Attorneys for the State are suspicious of how so many high-profile cases filed by former United National Congress ministers are all ending up before the same judge and has written to the Judiciary seeking answers.

Correspondence exchanged between the Attorney General’s Office and the Registrar of the Supreme Court detail a list of queries and alludes to what judicial sources described as “forum shopping” in order to get a specific judge to hear the case.

In the instance of the lawsuit challenging the property tax, the case filed by former government minster Devant Maharaj had initially been assigned to Justice Robin Mohammed, but was withdrawn, amended and refiled within 24 hours before it was assigned to Justice Frank Seepersad.

Maharaj’s legal team said there was nothing sinister when the matter was filed on May 18 and withdrawn within 24 hours, because the events detailed in the initial lawsuit had changed significantly and the documents had to be redrafted.

At the time the initial lawsuit was filed the deadline date for the submission of Valuation Return Forms was May 22, but the filing attorney claimed she was alerted by a T&T Guardian online story which stated Finance Minister Colm Imbert had announced at a post-Cabinet press conference that he had extended the deadline date to June 5. As a result, Maharaj’s lawyers claimed the documents had to be amended.

But former attorney general Anand Ramlogan SC yesterday dismissed claims his client was “forum shopping” and described the suggestion as a “preposterous and ridiculous allegation” in an interview with Guardian Media.

In an interview last night, Attorney General Faris Al-Rawi said he had instructed that a letter be written to the Registrar “to deal with the open and very politically charged allegations made by Ramlogan and repeated by the Opposition Leader that there was some conspiracy between the Judiciary and the Attorney General as to the management of this case and in particular the Court of Appeal appointment and hearing on the Monday following the injunction on the Friday.”

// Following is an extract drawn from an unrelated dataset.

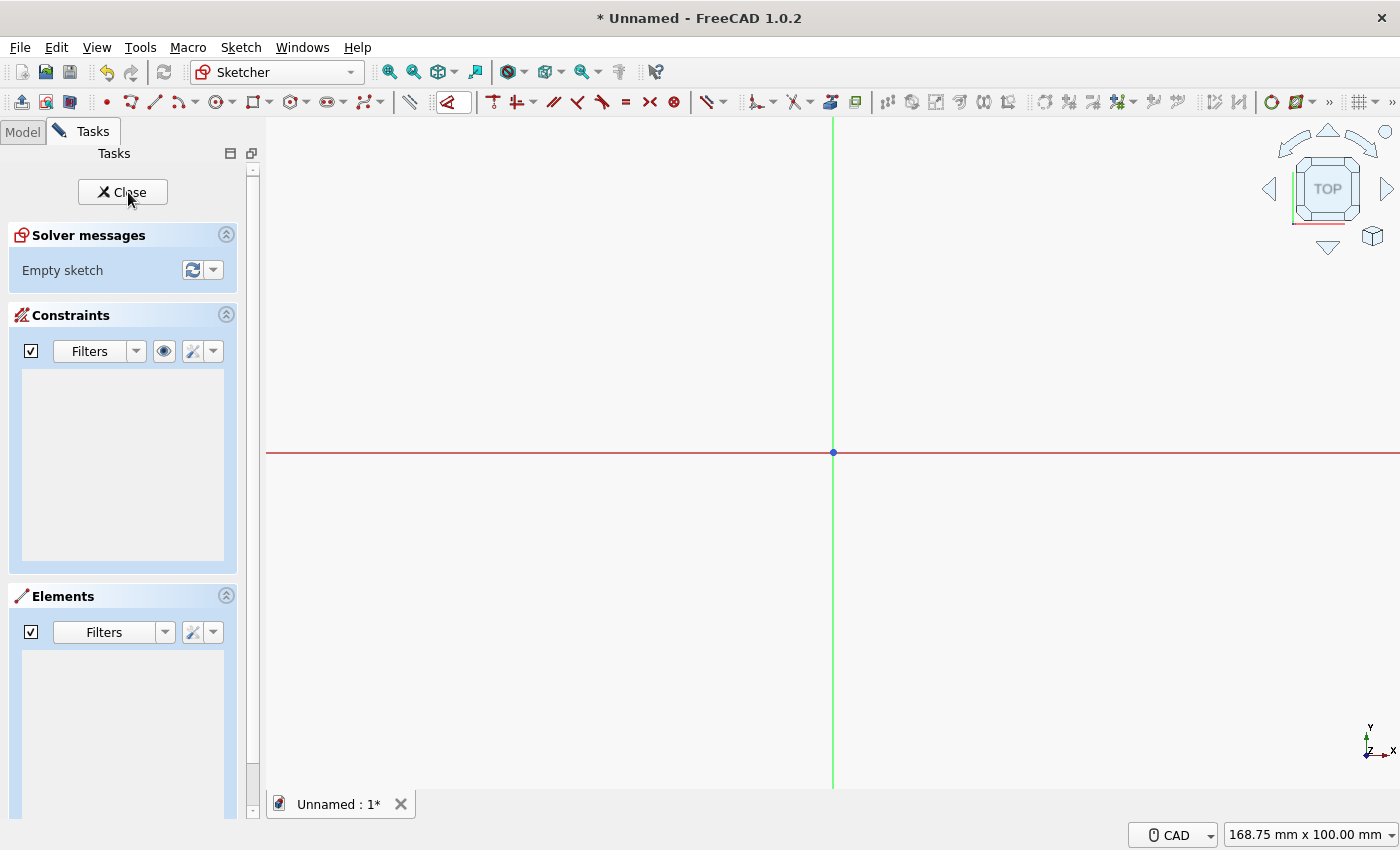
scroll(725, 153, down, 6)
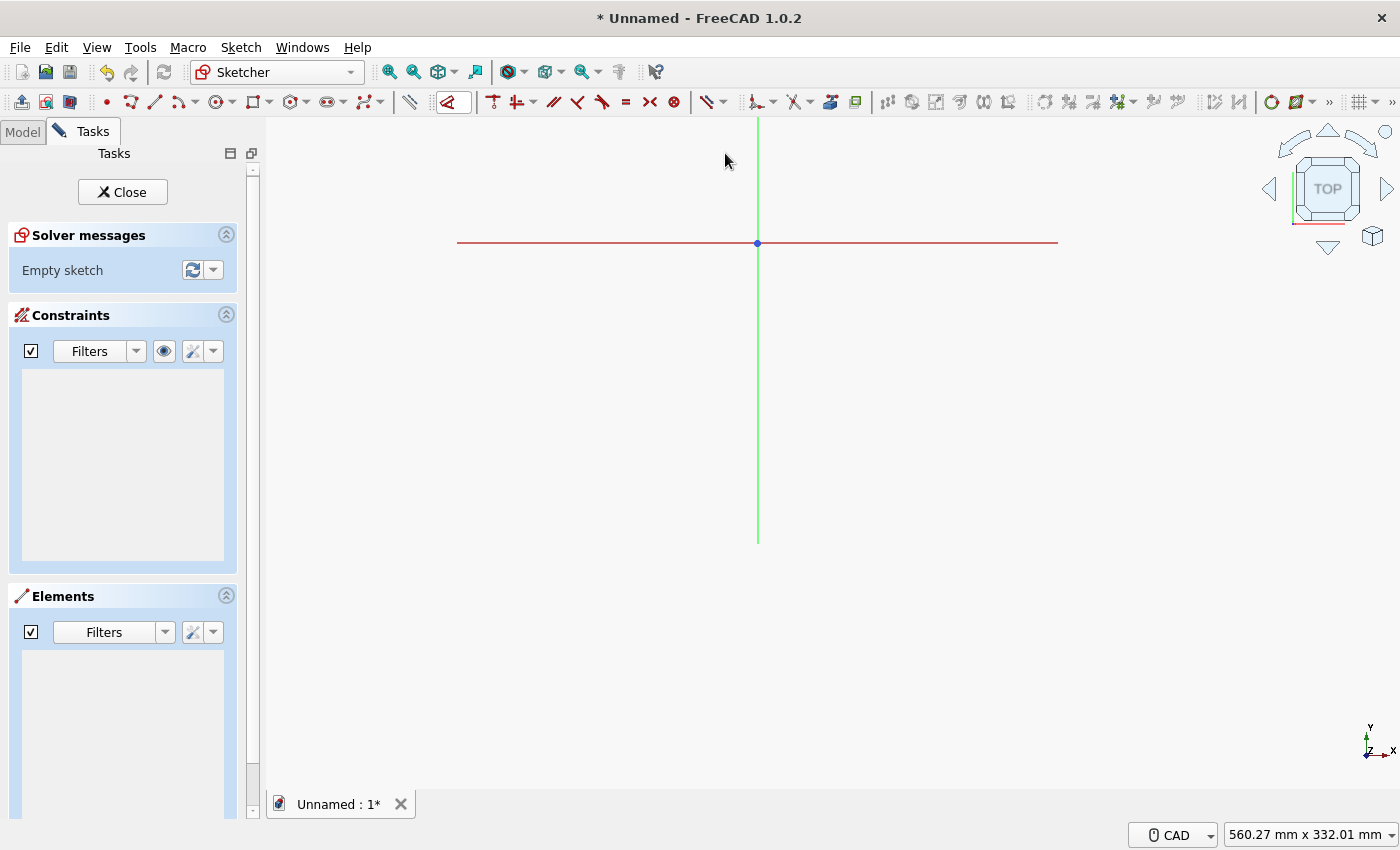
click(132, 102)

Al-Rawi said it was also necessary to write the Registrar on two separate occasions—the first issue was to respond to claims made by Ramlogan regarding the timeline of events after the injunction was granted and in a separate correspondence was to document the inspection of the case as “we were informed but could not confirm that several cases were filed.”

“It was important for us to identify the number of cases the State needed to prepare for to litigate,” Al-Rawi said.

Asked whether such correspondence can also have the effect of eroding the public’s confidence in the Judiciary, Al-Rawi said: “I personally have tremendous confidence in the Judiciary and I’m aware of the processes for the docketing of matters before judges, and the State is not going to be made a party to any criticism of the Judiciary as we maintain a proper regard for the separation of powers.

“We will vigorously and robustly prosecute the right of the State, including any defence, in which we are called to litigate.”

Maharaj, in a statement, accused the Government of launching a “politically motivated attack” against Seepersad. He said the People’s National Movement had “a history of attacking judges when things do not go their way.”

Maharaj said the computerised system of allocating cases to judges was “under the control of the judiciary and the Registrar of the court.”

“My case against the JLSC was filed and I was advised by the court registry that it was assigned to Justice Seepersad. I was told that this was a random assignment. What was I supposed to do?” he asked.

He said the first judge assigned to the property tax case was Justice Robin Mohammed, who was the trial judge in Ramlogan’s defamation case against former minister Jack Warner and awarded $1 million to Ramlogan.

“I was not unhappy that the computer had randomly assigned a different judge when the amended claim was re-filed, as I did not want anyone to think that Justice Mohammed would be biased in my favour because he had ruled in favour of my lead attorney in that high-profile defamation case,” Maharaj said.

“It is therefore ironic that this mischievous claim is being made now, as this was the very thing I had sought to avoid. If the judiciary has a problem with the way its computer programme randomly selects and assigns judges to try cases then I suggest that they deal with it instead of trying to blame innocent citizens for matters they have no control over.”